So with that high level overview, let's consider your specific examples. When a ball is at the top of a ramp, it has some amount of potential energy. If the ball were sitting at the bottom of the ramp, it would have some other, lower amount of potential energy. And so there is a gradient of potential energy -- it is high at the top, low at the bottom, and so the ball moves from high to low (rolls down the ramp). And as it moves down the ramp, little by little, it's potential energy decreases and converts to kinetic energy.

The ball sitting on a flat ground has no gradients in potential energy. If it moves left or right, it still has the same amount of potential energy it did before. So there's no gradient, and no conversion of potential to kinetic energy.

Now, an important and subtle point here -- gradients of potential energy are what matter. Not the "total amount" of it. So, for convenience, we often take the bottom of the system in your examples to have zero potential energy. But we can add any arbitrary number to the whole field and the gradient is the same. Meaning, if the bottom of the ramp is $P = 0$ and the top is $P = 10$, then the ball behaves the exact same as if we said the bottom is $P = 1000$ and the top is $P = 1010$. Or -1000 and -990.

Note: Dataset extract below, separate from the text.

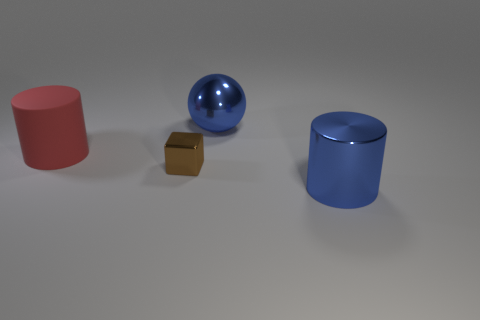The large blue object on the left side of the blue object in front of the tiny brown metallic block is what shape? sphere

To your next question, kinetic energy and why it is zero if the Earth is still moving. First, it's important to recognize than when we work example problems, we usually work on an isolated system. Meaning, we ignore things that have a minimal impact on our problem. So, for a ball rolling down a ramp, the spin of the Earth and the movement of Earth through space don't matter really, for a small enough ball and ramp, so we don't have to worry about it.

But another, more subtle point, is that kinetic energy depends on your reference frame. So, a ball on a ramp sitting motionless on the floor has zero kinetic energy in the reference frame of the floor. Even if that floor is on a high speed train. But, somebody outside the train would see the ball and ramp go past them very quickly and so in their view, the ball has a lot of kinetic energy.

At the end of the day, the specific values of energy are rarely important. It's always the gradients of energy (in either time or space) that are really important, and those are preserved when we add constants to the fields (to use other words, for inertial motion).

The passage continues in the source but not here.